HOW TO COMPLETE THIS TASK ->
Beginning at the line that holds "msp.add_open_spline(points, degree=3, dxfattribs=at)", restate each line exactly through the final line of the records. Include both of those lines.

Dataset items
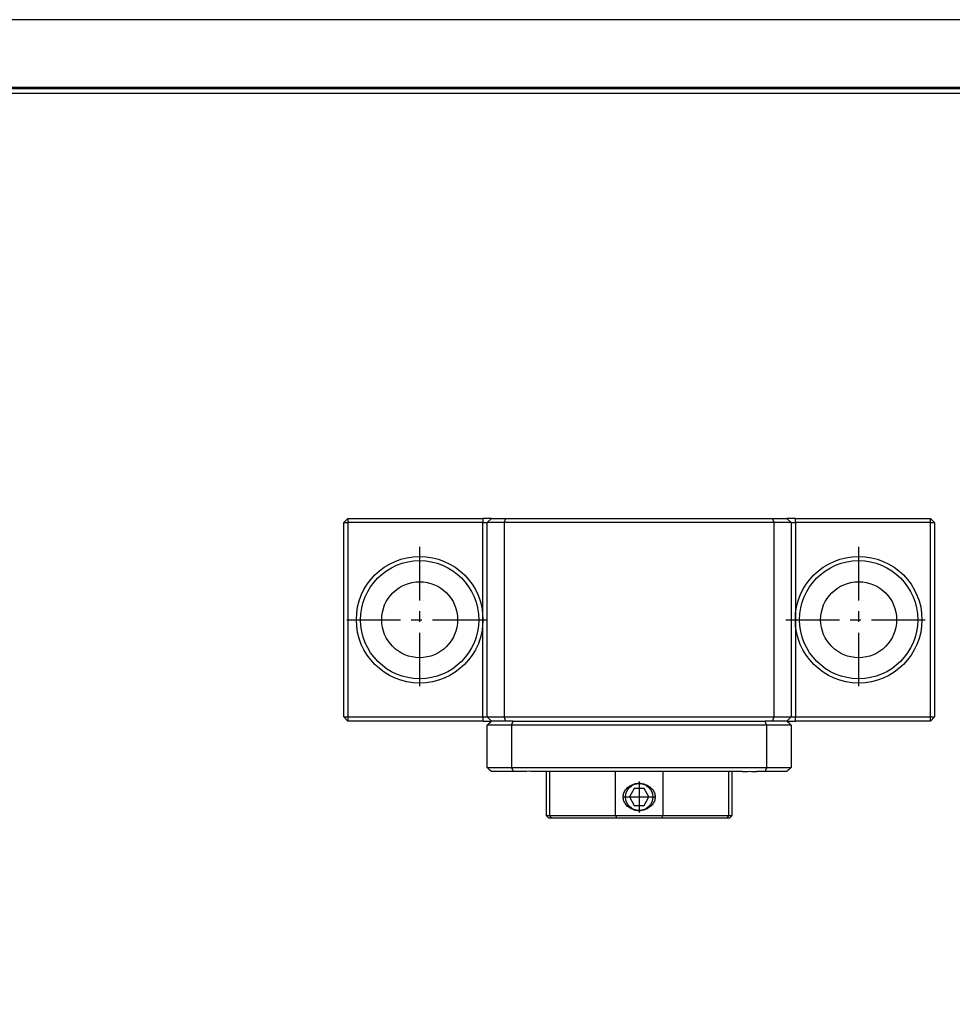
# Model space of a CAD drawing. Header units: millimetres. Extents: x 0 to 370, y 0 to 262.
# Tile 3 of 4: x 124 to 235, y 145 to 262. Entities that reach past the tile are written whole.
import ezdxf
from ezdxf.enums import TextEntityAlignment as Align

# ---------------------------------------------------------------- set-up
doc = ezdxf.new("R2010")
doc.units = ezdxf.units.MM
doc.linetypes.add('CENTER', pattern=[50.8, 31.75, -6.35, 6.35, -6.35])
for name, color, linetype in [('center', 1, 'CENTER'), ('L1', 7, 'CONTINUOUS'), ('OUTLINE', 7, 'CONTINUOUS')]:
    doc.layers.add(name, color=color, linetype=linetype)

# ---------------------------------------------------------------- blocks, each defined once
blk = doc.blocks.new('표제란')
at = {"layer": 'L1', "color": 0}
blk.add_line((297, 210), (0, 210), dxfattribs=at)
at = {"layer": 'L1', "const_width": 0.25}
blk.add_lwpolyline([(290.5, 6.5), (290.5, 203.5), (10, 203.5), (10, 6.5)], close=True, dxfattribs=at)
at = {"layer": 'L1'}
blk.add_lwpolyline([(290, 7), (290, 203), (10.5, 203), (10.5, 7)], close=True, dxfattribs=at)
for tag, p in [('필렛', (179.25, 10.9)), ('모따기', (179.25, 8.3))]:
    blk.add_attdef(tag, text='', height=1.15, dxfattribs=at).set_placement(p, align=Align.MIDDLE_LEFT)
at = {"layer": 'OUTLINE', "ltscale": 0.5}
for tag, p, height in [('도번', (251.181, 15.642), 2.5), ('SCALE', (253.781, 9.553), 1.2), ('DATE', (277.02, 9.511), 1.2)]:
    blk.add_attdef(tag, p, '', height=height, dxfattribs=at)

msp = doc.modelspace()

# ---------------------------------------------------------------- linework, layer by layer
at = {"layer": 'center', "ltscale": 0.2}
for p, q in [((171.6477, 199.3056), (171.6477, 182.0556)), ((223.6477, 199.3056), (223.6477, 182.0556)), ((163.0227, 190.6806), (180.2727, 190.6806)), ((215.0227, 190.6806), (232.2727, 190.6806)), ((197.6477, 171.5321), (197.6477, 167.8291)), ((195.7962, 169.6806), (199.4992, 169.6806))]:
    msp.add_line(p, q, dxfattribs=at)
at = {"layer": 'OUTLINE'}
for p, q in [((163.1477, 202.6806), (162.6477, 202.1806)), ((162.6477, 202.1806), (163.1477, 202.1806)), ((162.6477, 179.1806), (162.6477, 202.1806)), ((163.1477, 202.6806), (163.1477, 202.1806)), ((163.1477, 202.6806), (179.1477, 202.6806)), ((179.1477, 202.1806), (163.1477, 202.1806)), ((163.1477, 202.1806), (163.1477, 179.1806)), ((179.1477, 202.6806), (179.1477, 202.1806)), ((179.6477, 202.6806), (179.1477, 202.6806)), ((179.1477, 202.1806), (179.6477, 202.1806)), ((179.1477, 190.6806), (179.1477, 202.1806)), ((180.1477, 202.6806), (179.6477, 202.1806)), ((180.1477, 202.6806), (179.6477, 202.6806)), ((181.6477, 202.1806), (179.6477, 202.1806)), ((179.6477, 179.1806), (179.6477, 202.1806)), ((180.1477, 202.6806), (181.8548, 202.6806)), ((181.6477, 202.1806), (181.8548, 202.6806)), ((213.6477, 202.1806), (181.6477, 202.1806)), ((181.6477, 202.1806), (181.6477, 179.1806)), ((181.8548, 202.6806), (213.4406, 202.6806)), ((213.6477, 202.1806), (213.4406, 202.6806)), ((213.4406, 202.6806), (215.1477, 202.6806)), ((215.6477, 202.1806), (213.6477, 202.1806)), ((213.6477, 179.1806), (213.6477, 202.1806)), ((215.6477, 202.1806), (215.1477, 202.6806)), ((215.6477, 202.6806), (215.1477, 202.6806)), ((216.1477, 202.6806), (215.6477, 202.6806)), ((215.6477, 202.1806), (215.6477, 179.1806)), ((215.6477, 202.1806), (216.1477, 202.1806)), ((216.1477, 202.1806), (216.1477, 202.6806)), ((216.1477, 202.6806), (232.1477, 202.6806)), ((216.1477, 202.1806), (216.1477, 190.6806)), ((232.1477, 202.1806), (216.1477, 202.1806)), ((232.1477, 202.1806), (232.1477, 202.6806)), ((232.6477, 202.1806), (232.1477, 202.6806)), ((232.1477, 179.1806), (232.1477, 202.1806)), ((232.1477, 202.1806), (232.6477, 202.1806)), ((232.6477, 202.1806), (232.6477, 179.1806)), ((179.1477, 179.1806), (179.1477, 190.6806)), ((216.1477, 190.6806), (216.1477, 179.1806)), ((162.6477, 179.1806), (163.1477, 179.1806)), ((162.6477, 179.1806), (163.1477, 178.6806)), ((163.1477, 179.1806), (179.1477, 179.1806)), ((163.1477, 179.1806), (163.1477, 178.6806)), ((179.1477, 178.6806), (163.1477, 178.6806)), ((179.1477, 179.1806), (179.6477, 179.1806)), ((179.1477, 179.1806), (179.1477, 178.6806)), ((179.1477, 178.6806), (179.6477, 178.6806)), ((179.6477, 179.1806), (181.6477, 179.1806)), ((180.1477, 178.6806), (179.6477, 179.1806)), ((179.6477, 178.6806), (180.1477, 178.6806)), ((181.8548, 178.6806), (180.1477, 178.6806)), ((181.6477, 179.1806), (213.6477, 179.1806)), ((181.8548, 178.6806), (181.6477, 179.1806)), ((182.7229, 178.6806), (181.8548, 178.6806)), ((182.7229, 178.6806), (212.5725, 178.6806)), ((213.4406, 178.6806), (212.5725, 178.6806)), ((213.4406, 178.6806), (213.6477, 179.1806)), ((215.1477, 178.6806), (213.4406, 178.6806)), ((213.6477, 179.1806), (215.6477, 179.1806)), ((215.6477, 179.1806), (215.1477, 178.6806)), ((215.1477, 178.6806), (215.6477, 178.6806)), ((215.6477, 179.1806), (216.1477, 179.1806)), ((215.6477, 178.6806), (216.1477, 178.6806)), ((216.1477, 178.6806), (216.1477, 179.1806)), ((216.1477, 179.1806), (232.1477, 179.1806)), ((232.1477, 178.6806), (216.1477, 178.6806)), ((232.1477, 179.1806), (232.6477, 179.1806)), ((232.1477, 178.6806), (232.1477, 179.1806)), ((232.1477, 178.6806), (232.6477, 179.1806)), ((182.5397, 178.1806), (179.6477, 178.1806)), ((179.6477, 173.1806), (179.6477, 178.1806)), ((212.7556, 178.1806), (182.5397, 178.1806)), ((182.5397, 178.1806), (182.5397, 173.1806)), ((215.6477, 178.1806), (212.7556, 178.1806)), ((212.7556, 173.1806), (212.7556, 178.1806)), ((215.6477, 178.1806), (215.6477, 173.1806)), ((179.6477, 173.1806), (182.5397, 173.1806)), ((181.3842, 172.6806), (180.1477, 172.6806)), ((182.7229, 172.6806), (181.3842, 172.6806)), ((182.5397, 173.1806), (212.7556, 173.1806)), ((183.7138, 172.6806), (182.7229, 172.6806)), ((209.8767, 172.6806), (185.4186, 172.6806)), ((186.6477, 172.6806), (186.6477, 167.4806)), ((187.0091, 172.6806), (187.0091, 167.4806)), ((194.8513, 167.4806), (194.8513, 172.6806)), ((200.4441, 172.6806), (200.4441, 167.4806)), ((208.2863, 167.4806), (208.2863, 172.6806)), ((208.6477, 167.4806), (208.6477, 172.6806)), ((212.5725, 172.6806), (211.5816, 172.6806)), ((213.9111, 172.6806), (212.5725, 172.6806)), ((212.7556, 173.1806), (215.6477, 173.1806)), ((215.1477, 172.6806), (213.9111, 172.6806)), ((197.0703, 170.6806), (196.493, 169.6806)), ((198.225, 170.6806), (197.0703, 170.6806)), ((198.8024, 169.6806), (198.225, 170.6806)), ((196.493, 169.6806), (197.0703, 168.6806)), ((198.225, 168.6806), (198.8024, 169.6806)), ((197.0703, 168.6806), (198.225, 168.6806)), ((186.6477, 167.4806), (186.9477, 167.1806)), ((186.6477, 167.4806), (187.0091, 167.4806)), ((187.279, 167.1806), (186.9477, 167.1806)), ((187.0091, 167.4806), (194.8513, 167.4806)), ((195.0056, 167.1806), (187.279, 167.1806)), ((194.8513, 167.4806), (200.4441, 167.4806)), ((200.2898, 167.1806), (195.0056, 167.1806)), ((208.0163, 167.1806), (200.2898, 167.1806)), ((200.4441, 167.4806), (208.2863, 167.4806)), ((208.3477, 167.1806), (208.0163, 167.1806)), ((208.2863, 167.4806), (208.6477, 167.4806)), ((208.3477, 167.1806), (208.6477, 167.4806))]:
    msp.add_line(p, q, dxfattribs=at)
for centre, radius in [((171.6477, 190.6806), 7.5), ((171.6477, 190.6806), 7), ((223.6477, 190.6806), 7.5), ((223.6477, 190.6806), 7), ((171.6477, 190.6806), 4.5), ((223.6477, 190.6806), 4.5), ((197.6477, 169.6806), 1.61)]:
    msp.add_circle(centre, radius, dxfattribs=at)
for points in [[(179.6477, 178.1806), (179.8144, 178.3474), (179.9811, 178.514), (180.1477, 178.6806)], [(182.5397, 178.1806), (182.6004, 178.3474), (182.6615, 178.514), (182.7229, 178.6806)], [(212.7556, 178.1806), (212.6949, 178.3474), (212.6339, 178.514), (212.5725, 178.6806)], [(215.6477, 178.1806), (215.4809, 178.3474), (215.3143, 178.514), (215.1477, 178.6806)], [(179.6477, 173.1806), (179.8144, 173.0139), (179.9811, 172.8472), (180.1477, 172.6806)], [(182.5397, 173.1806), (182.6004, 173.0139), (182.6615, 172.8472), (182.7229, 172.6806)], [(185.4186, 172.6806), (184.8503, 172.7349), (184.2821, 172.7349), (183.7138, 172.6806)], [(209.8767, 172.6806), (210.445, 172.7349), (211.0133, 172.7349), (211.5816, 172.6806)], [(212.7556, 173.1806), (212.6949, 173.0139), (212.6339, 172.8472), (212.5725, 172.6806)], [(215.6477, 173.1806), (215.4809, 173.0139), (215.3143, 172.8472), (215.1477, 172.6806)], [(187.0091, 167.4806), (187.0989, 167.3806), (187.1889, 167.2806), (187.279, 167.1806)], [(194.8513, 167.4806), (194.9029, 167.3806), (194.9543, 167.2806), (195.0056, 167.1806)], [(200.4441, 167.4806), (200.3925, 167.3806), (200.3411, 167.2806), (200.2898, 167.1806)], [(208.2863, 167.4806), (208.1964, 167.3806), (208.1064, 167.2806), (208.0163, 167.1806)]]:
    msp.add_open_spline(points, degree=3, dxfattribs=at)
for points, knots in [([(196.9353, 168.1923), (196.777, 168.2484), (196.6231, 168.3249), (196.3453, 168.5113), (196.2181, 168.6227), (195.9995, 168.8813), (195.9105, 169.0258), (195.7862, 169.3421), (195.7531, 169.5079), (195.7526, 169.8495), (195.7857, 170.0174), (195.9095, 170.3336), (195.9994, 170.4797), (196.2173, 170.7378), (196.3463, 170.8508), (196.6252, 171.0376), (196.7752, 171.1122), (196.9353, 171.1689)], [0, 0, 0, 0, 0.125, 0.125, 0.25, 0.25, 0.375, 0.375, 0.5, 0.5, 0.625, 0.625, 0.75, 0.75, 0.875, 0.875, 1, 1, 1, 1]), ([(196.9353, 171.1689), (197.0468, 171.2223), (197.1624, 171.2624), (197.4012, 171.3167), (197.5256, 171.3307), (197.8931, 171.3306), (198.1393, 171.2746), (198.3601, 171.1689)], [0, 0, 0, 0, 0.25, 0.25, 0.5, 0.5, 1, 1, 1, 1]), ([(198.3601, 171.1689), (198.5195, 171.1125), (198.6693, 171.0381), (198.9488, 170.8511), (199.0771, 170.7384), (199.2927, 170.4841), (199.3836, 170.3374), (199.5077, 170.0241), (199.5419, 169.8536), (199.543, 169.5167), (199.5101, 169.346), (199.3876, 169.0313), (199.2978, 168.8843), (198.9718, 168.4966), (198.6775, 168.3047), (198.3601, 168.1923)], [0, 0, 0, 0, 0.125, 0.125, 0.25, 0.25, 0.375, 0.375, 0.5, 0.5, 0.625, 0.625, 0.75, 0.75, 1, 1, 1, 1]), ([(198.3601, 168.1923), (198.14, 168.087), (197.8948, 168.0305), (197.5232, 168.0307), (197.4017, 168.0445), (197.1633, 168.0986), (197.0454, 168.1396), (196.9353, 168.1923)], [0, 0, 0, 0, 0.5, 0.5, 0.75, 0.75, 1, 1, 1, 1])]:
    msp.add_open_spline(points, degree=3, knots=knots, dxfattribs=at)

# ---------------------------------------------------------------- block references
at = {"layer": 'OUTLINE', "xscale": 1.2464990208, "yscale": 1.2464990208, "zscale": 1.2464990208}
msp.add_blockref('표제란', (0, 0), dxfattribs=at)

doc.saveas('drawing.dxf')

YOUR SOLUTION ->
    msp.add_open_spline(points, degree=3, dxfattribs=at)
for points, knots in [([(196.9353, 168.1923), (196.777, 168.2484), (196.6231, 168.3249), (196.3453, 168.5113), (196.2181, 168.6227), (195.9995, 168.8813), (195.9105, 169.0258), (195.7862, 169.3421), (195.7531, 169.5079), (195.7526, 169.8495), (195.7857, 170.0174), (195.9095, 170.3336), (195.9994, 170.4797), (196.2173, 170.7378), (196.3463, 170.8508), (196.6252, 171.0376), (196.7752, 171.1122), (196.9353, 171.1689)], [0, 0, 0, 0, 0.125, 0.125, 0.25, 0.25, 0.375, 0.375, 0.5, 0.5, 0.625, 0.625, 0.75, 0.75, 0.875, 0.875, 1, 1, 1, 1]), ([(196.9353, 171.1689), (197.0468, 171.2223), (197.1624, 171.2624), (197.4012, 171.3167), (197.5256, 171.3307), (197.8931, 171.3306), (198.1393, 171.2746), (198.3601, 171.1689)], [0, 0, 0, 0, 0.25, 0.25, 0.5, 0.5, 1, 1, 1, 1]), ([(198.3601, 171.1689), (198.5195, 171.1125), (198.6693, 171.0381), (198.9488, 170.8511), (199.0771, 170.7384), (199.2927, 170.4841), (199.3836, 170.3374), (199.5077, 170.0241), (199.5419, 169.8536), (199.543, 169.5167), (199.5101, 169.346), (199.3876, 169.0313), (199.2978, 168.8843), (198.9718, 168.4966), (198.6775, 168.3047), (198.3601, 168.1923)], [0, 0, 0, 0, 0.125, 0.125, 0.25, 0.25, 0.375, 0.375, 0.5, 0.5, 0.625, 0.625, 0.75, 0.75, 1, 1, 1, 1]), ([(198.3601, 168.1923), (198.14, 168.087), (197.8948, 168.0305), (197.5232, 168.0307), (197.4017, 168.0445), (197.1633, 168.0986), (197.0454, 168.1396), (196.9353, 168.1923)], [0, 0, 0, 0, 0.5, 0.5, 0.75, 0.75, 1, 1, 1, 1])]:
    msp.add_open_spline(points, degree=3, knots=knots, dxfattribs=at)

# ---------------------------------------------------------------- block references
at = {"layer": 'OUTLINE', "xscale": 1.2464990208, "yscale": 1.2464990208, "zscale": 1.2464990208}
msp.add_blockref('표제란', (0, 0), dxfattribs=at)

doc.saveas('drawing.dxf')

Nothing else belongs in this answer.